╭─ SOURCE MATERIAL
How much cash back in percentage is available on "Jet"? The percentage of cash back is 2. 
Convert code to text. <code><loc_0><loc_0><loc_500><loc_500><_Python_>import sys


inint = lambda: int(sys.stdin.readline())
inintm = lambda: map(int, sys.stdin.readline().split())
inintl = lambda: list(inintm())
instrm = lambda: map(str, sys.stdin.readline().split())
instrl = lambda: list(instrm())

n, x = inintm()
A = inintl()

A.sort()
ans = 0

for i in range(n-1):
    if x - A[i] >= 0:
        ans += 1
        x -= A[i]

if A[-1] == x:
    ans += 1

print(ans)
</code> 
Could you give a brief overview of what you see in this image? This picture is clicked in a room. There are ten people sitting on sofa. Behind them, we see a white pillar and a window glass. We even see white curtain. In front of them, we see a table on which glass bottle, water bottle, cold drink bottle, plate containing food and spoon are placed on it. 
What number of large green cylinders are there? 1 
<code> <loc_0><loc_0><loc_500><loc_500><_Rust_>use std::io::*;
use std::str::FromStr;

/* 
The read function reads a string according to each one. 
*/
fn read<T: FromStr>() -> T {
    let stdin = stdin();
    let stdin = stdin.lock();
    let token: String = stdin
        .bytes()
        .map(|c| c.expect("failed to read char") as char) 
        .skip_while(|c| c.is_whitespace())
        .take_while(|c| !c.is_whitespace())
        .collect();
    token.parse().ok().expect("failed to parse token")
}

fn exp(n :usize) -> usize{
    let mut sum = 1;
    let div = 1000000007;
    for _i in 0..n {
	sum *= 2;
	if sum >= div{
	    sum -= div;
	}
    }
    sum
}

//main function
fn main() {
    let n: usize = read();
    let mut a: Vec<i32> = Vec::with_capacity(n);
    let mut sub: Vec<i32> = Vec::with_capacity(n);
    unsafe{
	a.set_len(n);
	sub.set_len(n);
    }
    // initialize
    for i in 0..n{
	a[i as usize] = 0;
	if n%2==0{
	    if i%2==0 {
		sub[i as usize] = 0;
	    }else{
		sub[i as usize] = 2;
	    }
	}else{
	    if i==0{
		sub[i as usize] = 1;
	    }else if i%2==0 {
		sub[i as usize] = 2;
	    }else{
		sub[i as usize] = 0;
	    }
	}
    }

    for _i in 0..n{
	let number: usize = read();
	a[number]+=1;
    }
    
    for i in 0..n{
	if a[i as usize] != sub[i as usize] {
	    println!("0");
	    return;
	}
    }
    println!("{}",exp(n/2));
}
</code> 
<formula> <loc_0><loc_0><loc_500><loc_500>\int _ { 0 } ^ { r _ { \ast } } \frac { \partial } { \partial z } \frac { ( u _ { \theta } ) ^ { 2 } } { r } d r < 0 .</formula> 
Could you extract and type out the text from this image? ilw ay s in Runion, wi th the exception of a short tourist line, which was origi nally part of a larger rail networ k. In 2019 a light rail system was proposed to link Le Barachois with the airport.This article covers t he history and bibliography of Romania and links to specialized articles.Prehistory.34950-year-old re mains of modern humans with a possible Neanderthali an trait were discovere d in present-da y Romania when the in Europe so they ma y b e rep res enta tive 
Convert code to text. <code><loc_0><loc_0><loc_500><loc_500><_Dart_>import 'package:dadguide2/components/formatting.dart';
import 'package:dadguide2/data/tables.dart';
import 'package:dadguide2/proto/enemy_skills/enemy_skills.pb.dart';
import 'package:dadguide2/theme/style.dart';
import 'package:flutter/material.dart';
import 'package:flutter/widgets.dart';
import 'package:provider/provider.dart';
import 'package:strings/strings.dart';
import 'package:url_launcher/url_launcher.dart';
╰─
■ **TASK DIRECTIONS**
Copy whichever lines in the listing above contain the word "lambda".

■ **YOUR RESPONSE**
inint = lambda: int(sys.stdin.readline())
inintm = lambda: map(int, sys.stdin.readline().split())
inintl = lambda: list(inintm())
instrm = lambda: map(str, sys.stdin.readline().split())
instrl = lambda: list(instrm())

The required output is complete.